Nous demandons donc au Premier Ministre et au Ministre de l’Agriculture de renforcer le pouvoir des Commissions Départementales de Préservation des Espaces Naturels, Agricoles et Forestiers (CDPENAF2), dans le cadre de la future loi d’avenir sur l’agriculture, l’alimentation et la forêt.

Pour cela, ces commissions doivent avoir un avis décisionnel sur tout projet d’urbanisme ou d’aménagement qui aurait pour conséquence de réduire un espace à usage ou à vocation agricole, qu’il y ait un document d’urbanisme approuvé ou non sur le territoire concerné.

Cette mesure permet :

de respecter les engagements pris par le gouvernement lors de la Conférence Environnementale de septembre 2012,

de suivre les recommandations de la Cour des Comptes, remises à Jean-Marc AYRAULT en août 20133,

de prendre en compte les amendements proposées par de nombreu(ses)x parlementaires, représentant l’ensemble de l’échiquier politique, dans le cadre de la future loi d’avenir agricole.

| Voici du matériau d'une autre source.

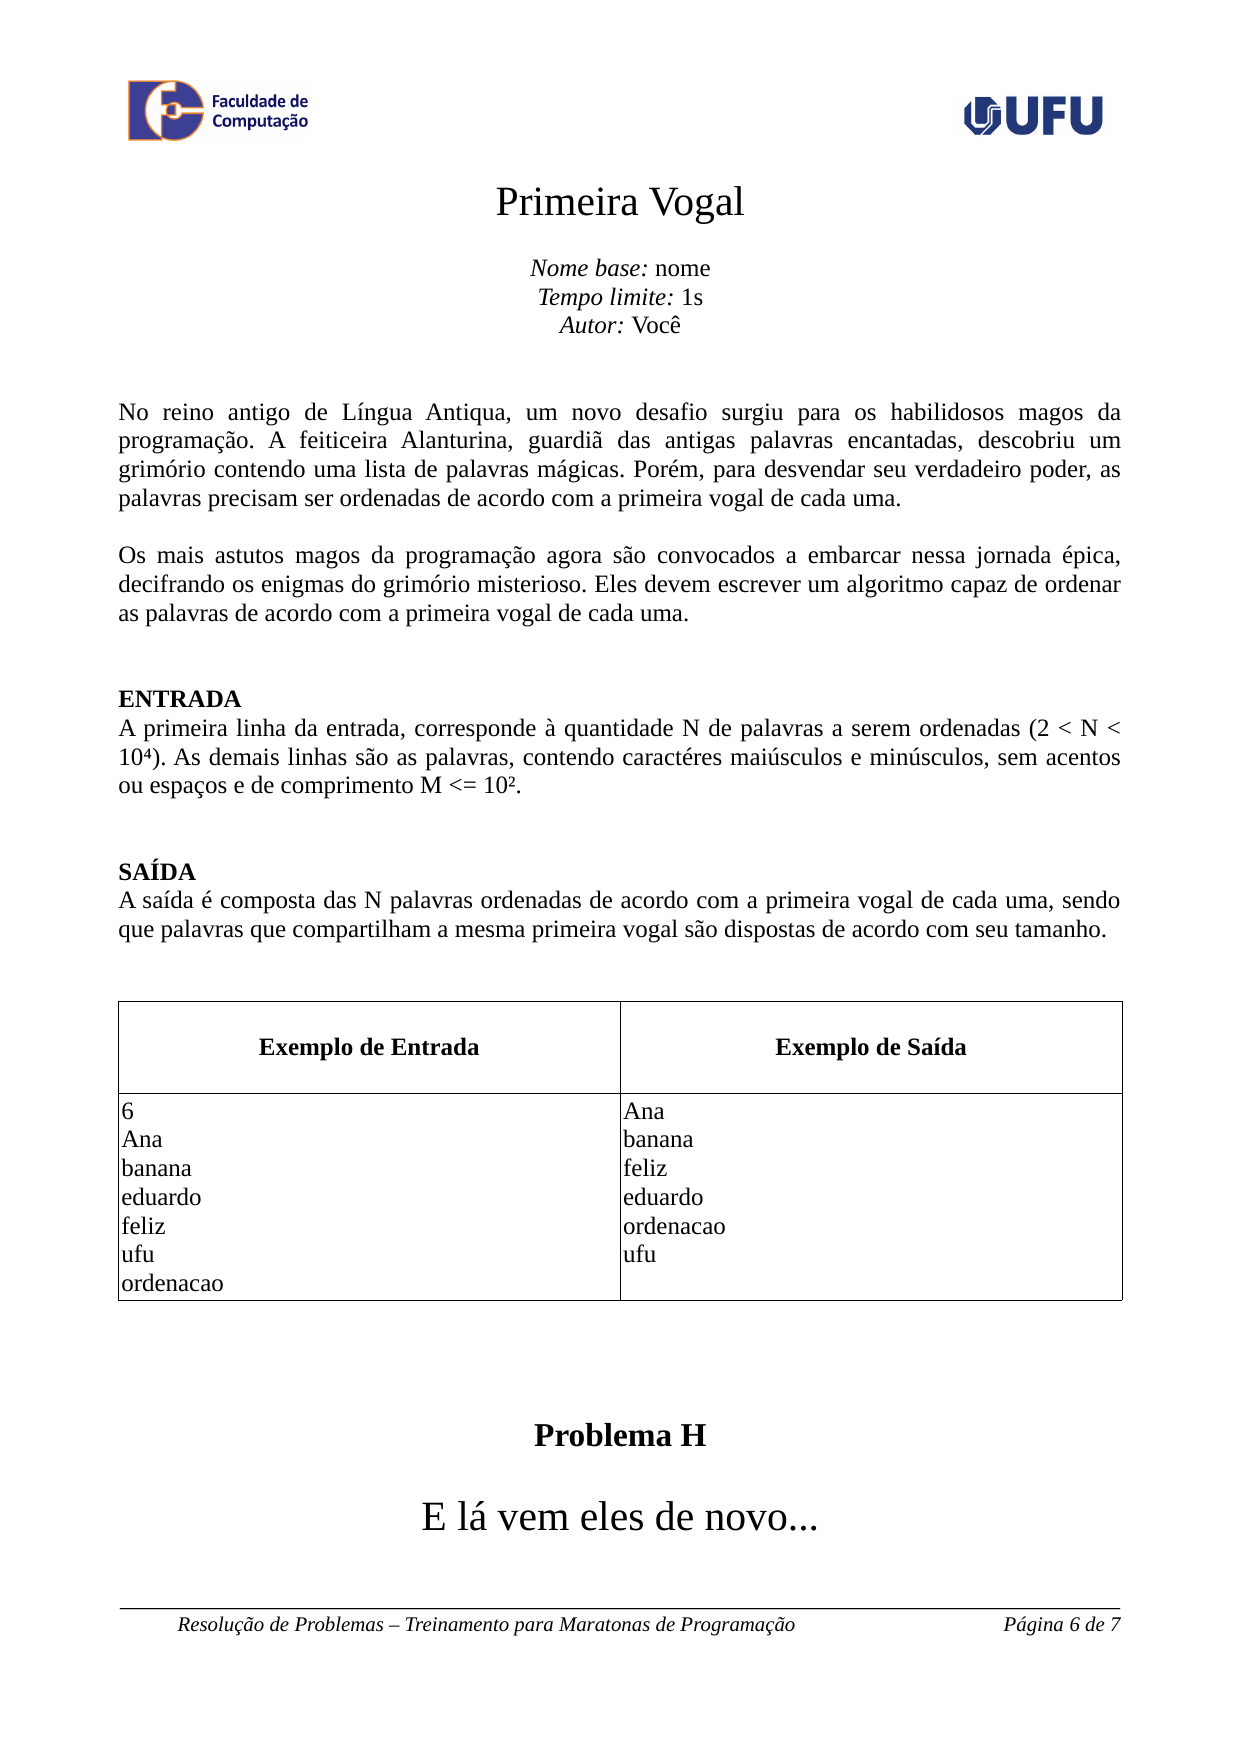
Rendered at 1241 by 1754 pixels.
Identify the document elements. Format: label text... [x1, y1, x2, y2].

Une mesure similaire a été mise en place par le Québec grâce à la loi du Zonage Agricole de 1978. Avec 36 ans de recul, cette mesure a objectivement prouvé son efficacité en matière de préservation du foncier agricole, tout en répondant aux besoins de logement et de développement du territoire. La France doit agir à son tour dans ce sens.

Nous invitons donc nos concitoyennes et concitoyens à signer cet appel, et à le faire circuler aussi largement que possible, pour encourager le gouvernement à franchir ce pas décisif. Cette démarche collective est à la fois cruciale pour améliorer notre situation actuelle et pour préserver l’avenir de nos enfants.